**Work to complete**: Return the records exactly, from the first line through the "laptop -> 0.225, -0.031, 2.261" line.

**Entries taken from a collection**:
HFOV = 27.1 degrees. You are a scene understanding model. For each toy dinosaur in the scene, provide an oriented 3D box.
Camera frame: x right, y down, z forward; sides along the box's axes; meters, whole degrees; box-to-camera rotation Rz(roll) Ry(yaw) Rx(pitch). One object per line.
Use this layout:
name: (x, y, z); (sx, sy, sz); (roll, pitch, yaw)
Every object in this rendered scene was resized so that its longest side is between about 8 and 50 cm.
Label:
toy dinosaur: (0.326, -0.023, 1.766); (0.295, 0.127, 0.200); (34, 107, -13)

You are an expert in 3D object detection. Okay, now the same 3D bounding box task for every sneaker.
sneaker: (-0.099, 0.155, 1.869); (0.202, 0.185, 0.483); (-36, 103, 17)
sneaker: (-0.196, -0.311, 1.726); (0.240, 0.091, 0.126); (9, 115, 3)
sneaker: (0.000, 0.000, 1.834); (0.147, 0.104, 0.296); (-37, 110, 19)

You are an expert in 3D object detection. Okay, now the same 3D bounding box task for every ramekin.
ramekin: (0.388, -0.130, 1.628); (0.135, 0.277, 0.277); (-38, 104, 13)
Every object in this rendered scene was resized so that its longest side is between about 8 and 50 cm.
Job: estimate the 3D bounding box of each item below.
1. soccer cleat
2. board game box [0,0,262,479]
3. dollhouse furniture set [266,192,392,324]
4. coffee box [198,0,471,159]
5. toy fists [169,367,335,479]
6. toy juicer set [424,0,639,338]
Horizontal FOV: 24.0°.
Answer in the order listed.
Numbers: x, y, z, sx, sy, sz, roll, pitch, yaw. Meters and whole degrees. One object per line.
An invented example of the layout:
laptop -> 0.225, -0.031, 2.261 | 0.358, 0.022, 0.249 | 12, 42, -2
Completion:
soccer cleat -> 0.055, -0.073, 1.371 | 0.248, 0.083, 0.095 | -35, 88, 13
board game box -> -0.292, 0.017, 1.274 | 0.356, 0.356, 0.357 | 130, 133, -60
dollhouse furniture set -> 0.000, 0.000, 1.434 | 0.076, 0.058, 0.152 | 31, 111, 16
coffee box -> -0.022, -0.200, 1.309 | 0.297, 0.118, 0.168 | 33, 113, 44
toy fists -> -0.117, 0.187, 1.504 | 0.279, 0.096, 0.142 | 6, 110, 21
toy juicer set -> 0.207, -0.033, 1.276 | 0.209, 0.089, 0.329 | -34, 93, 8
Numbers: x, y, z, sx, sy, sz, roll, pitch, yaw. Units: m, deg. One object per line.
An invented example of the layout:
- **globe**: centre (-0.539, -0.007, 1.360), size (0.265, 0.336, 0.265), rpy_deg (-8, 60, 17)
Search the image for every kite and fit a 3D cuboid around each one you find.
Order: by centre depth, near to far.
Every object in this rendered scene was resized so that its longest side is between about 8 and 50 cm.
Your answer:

**Answer to this exercise**:
HFOV = 27.1 degrees. You are a scene understanding model. For each toy dinosaur in the scene, provide an oriented 3D box.
Camera frame: x right, y down, z forward; sides along the box's axes; meters, whole degrees; box-to-camera rotation Rz(roll) Ry(yaw) Rx(pitch). One object per line.
Use this layout:
name: (x, y, z); (sx, sy, sz); (roll, pitch, yaw)
Every object in this rendered scene was resized so that its longest side is between about 8 and 50 cm.
Label:
toy dinosaur: (0.326, -0.023, 1.766); (0.295, 0.127, 0.200); (34, 107, -13)

You are an expert in 3D object detection. Okay, now the same 3D bounding box task for every sneaker.
sneaker: (-0.099, 0.155, 1.869); (0.202, 0.185, 0.483); (-36, 103, 17)
sneaker: (-0.196, -0.311, 1.726); (0.240, 0.091, 0.126); (9, 115, 3)
sneaker: (0.000, 0.000, 1.834); (0.147, 0.104, 0.296); (-37, 110, 19)

You are an expert in 3D object detection. Okay, now the same 3D bounding box task for every ramekin.
ramekin: (0.388, -0.130, 1.628); (0.135, 0.277, 0.277); (-38, 104, 13)
Every object in this rendered scene was resized so that its longest side is between about 8 and 50 cm.
Job: estimate the 3D bounding box of each item below.
1. soccer cleat
2. board game box [0,0,262,479]
3. dollhouse furniture set [266,192,392,324]
4. coffee box [198,0,471,159]
5. toy fists [169,367,335,479]
6. toy juicer set [424,0,639,338]
Horizontal FOV: 24.0°.
Answer in the order listed.
Numbers: x, y, z, sx, sy, sz, roll, pitch, yaw. Meters and whole degrees. One object per line.
An invented example of the layout:
laptop -> 0.225, -0.031, 2.261 | 0.358, 0.022, 0.249 | 12, 42, -2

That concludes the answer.